Fishing for Albacore in Long Island Sound
After arriving home from my trip out west to New York State, Oregon and Denver Colorado I found a mountain of work waiting in the studio and at home, including over 700 E-mail's. I was home for just 42 hours. I then left Manchester airport for Boston with Birtle, Lancashire angler and fishery owner David Jones. We visited Long Island Sound in Connecticut USA where we had some exciting fly fishing for False Albacore with Captain Dixon Merkt of Lyme Connecticut. Author, writer, wildfowler, fisherman. Dixon is the author of 'Shang' a biography of Charles E Wheeler. Wheeler was the general manager of the Connecticut Oyster Farms. In his free time he carved and painted duck decoys which were to become very collectable. I have fished with Dixon on several occasions, each time he has put me on feeding fish. Striped bass, Bluefish or False Albacore, all three species can be caught from the same area. In fact, it's possible to catch all three species with just three casts. But you will have to strike lucky. David and I were on the first day of a five days fishing trip with Dixon. I suppose it was about eleven in the morning when we eventually got on the water, after having a leisurely breakfast and shopping for groceries.

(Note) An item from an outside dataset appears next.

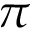<formula> <loc_0><loc_0><loc_500><loc_500>\pi</formula> 
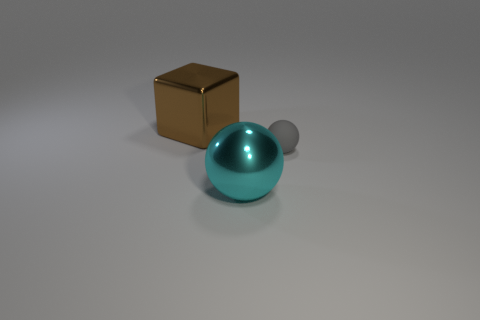Add 2 big things. How many objects exist? 5 Subtract all spheres. How many objects are left? 1 Add 2 cyan metallic spheres. How many cyan metallic spheres are left? 3 Add 1 tiny brown metallic objects. How many tiny brown metallic objects exist? 1 Subtract 0 green spheres. How many objects are left? 3 Subtract all big metal cubes. Subtract all cyan shiny spheres. How many objects are left? 1

Experienced guide and a seaworthy boat
Dixon's Surf Scoter is a 24 foot centre console Mako, designed with safety in mind and to cope with the rough waters of Long Island Sound. The boat is equipped with all the safety features you would expect on a charter boat, including ship to shore radio, telephone, echo sounder and fish finder. Though I haven't seen the latter used in all my trips, Dixon's experience, eyesight or sea birds often a combination of all three usually puts you on the feeding fish. Captain Dixon Merkt comes highly recommended with over fifty years of ocean sailing, including many years as a member of the prestigious New York Yacht Club. Once on board Merkt's Mako you certainly feel you're in safe hands.
False Albacore are tremendous fighters; I suppose like the bluefish, we can describe them as a feeding machine. Albacore have no swim bladder, they have to keep moving, or they sink to the bottom and die. Their heart is twice as big as other ocean fish, and they are all muscle. This non stop fighting fish of the ocean has a big sickle tail to propel it through the water. Without a shadow of a doubt they are a superb fighting machine. Hook a ten pound albie as they are known and you might not see that fish for twenty minutes.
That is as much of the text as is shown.